Something more than barebones tab management. If nothing else, context menu with an option to unload tabs on demand and some visual indicator which tabs are active or not. Seems Firefox is much better in this regard with Tab Mix Plus.
Also, tabs below URL bar. There was one good project that tackled many visual aspects, CustomCSSforFx, but it's a lot of work to maintain and the author stepped down. FireDragon browser has some of these out of box, so as long as it is maintained, things will be better out-of-box without manual messing with CSS.
Integration with KeePass that preferably also supports entering TOTP codes. This one is easy at least, KeePassXC-Browser works OK on both Chromium and Firefox. Meant for KeePassXC specifically rather than the original KeePass, but KeePassNatMsg plugin on KeePass side fills the gap.
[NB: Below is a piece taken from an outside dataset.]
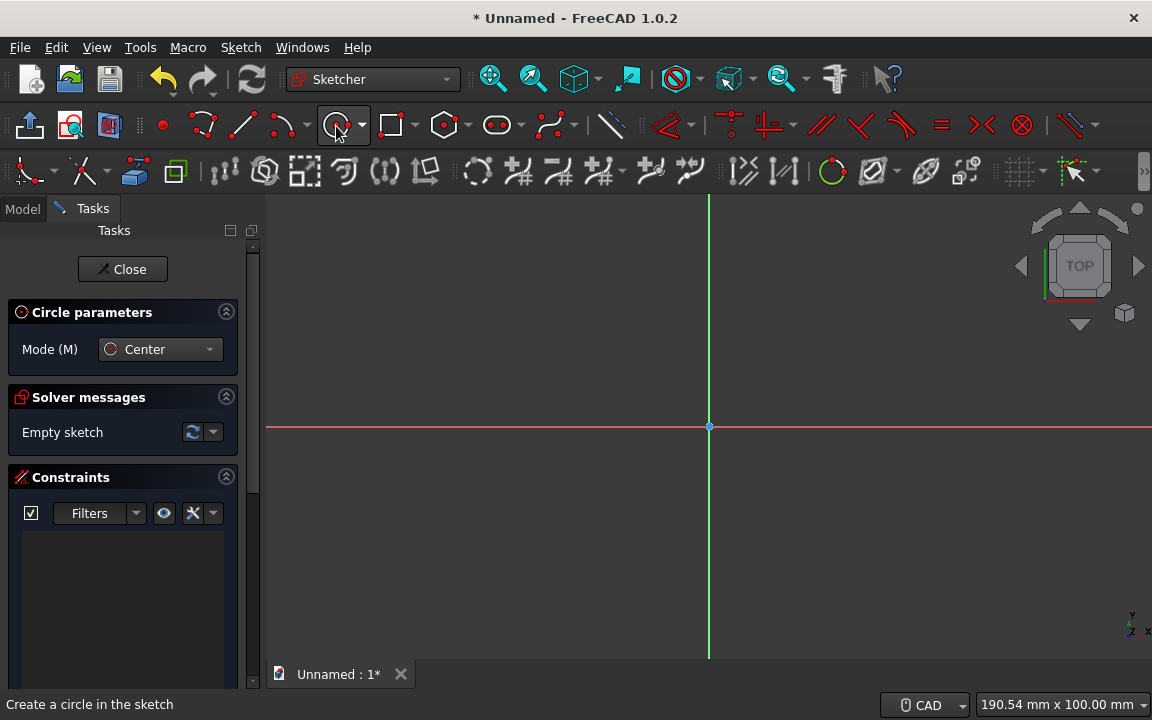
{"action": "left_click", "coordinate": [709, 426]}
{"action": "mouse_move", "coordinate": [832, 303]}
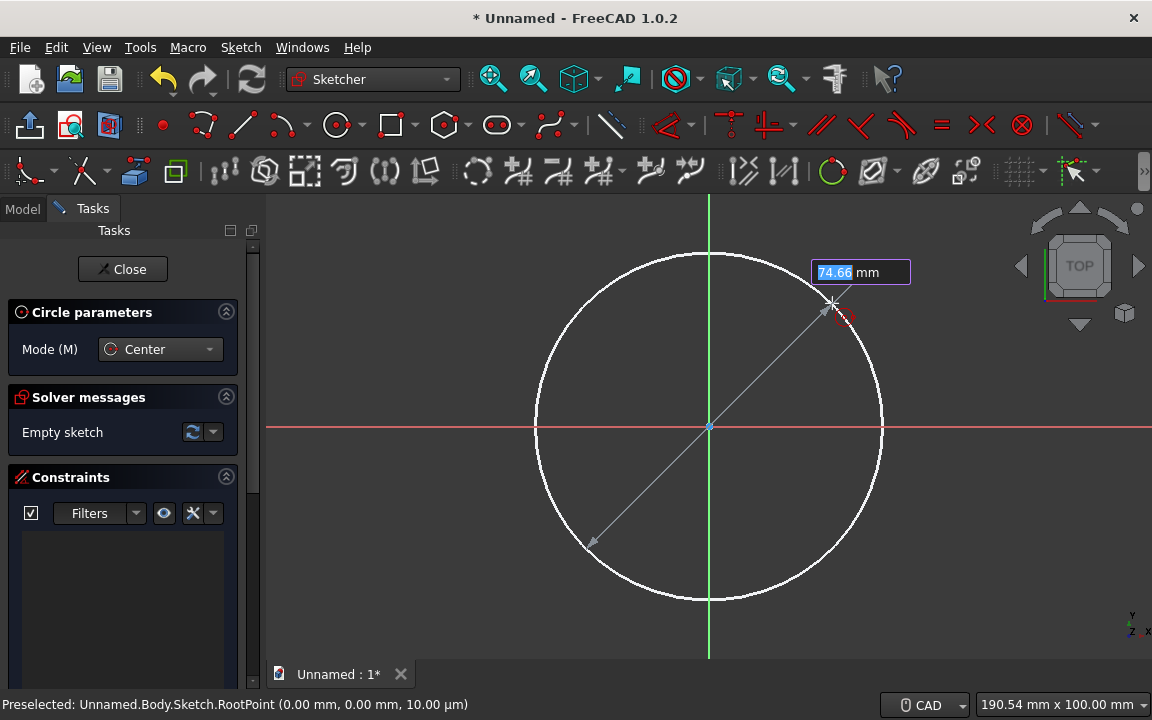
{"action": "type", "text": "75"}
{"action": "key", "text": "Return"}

Preserving modification timestamp of downloaded files. No browser really does this AFAIK, but until recent releases, it was easy with Firefox with "legacy" DownThemAll! extension. But this one probably needs a rewrite to work on current Firefox... It seems there's an extension for both Firefox and Chromium to send downloads to JDownloader2, but this one is an overkill, especially since it needs not so light process constantly running in the background for seamless experience. Download with Wget for Firefox might be an acceptable compromise.
These would be the most important. Now, some nice to haves.
Colorful tabs - there isn't anything like the old ColorfulTabs extension, is it? You can have tabs randomly colored, colored by domain, manual...
Navigation sounds to have audible cue when using backward / forward functions. There's a nice legacy extension for it, reads settings from Windows registry and plays the sound you've set there. I tried one or two "modern" extensions, they had sound hardcoded (suppose could rip it open and replace it, but it's ugly) and the one on Firefox launched WebAudio context running in the background, which tends to force high resolution timers, which tipped me off a bit.
NPAPI - I don't buy the whole insecure deprecated BS. I'll take proper PDF reader in a browser tab over PDF.js any day. And you get to run Flash too, forget the fake, slow and incomplete Ruffle. Or Java. There's probably more, but yeah, the powers that be decided to kill it. Apparently NPAPI is alive in China and 360 Extreme Explorer supports it. But it's another Chromium...
Flag display indicating the country where the server is from. Seems only Firefox has saner extension for it that doesn't query online service for it all the time.
Well, that's all that comes to mind right now. Any thoughts?
wrote:A man can be himself only so long as he is alone; and if he does not love solitude, he will not love freedom; for it is only when he is alone that he is really free.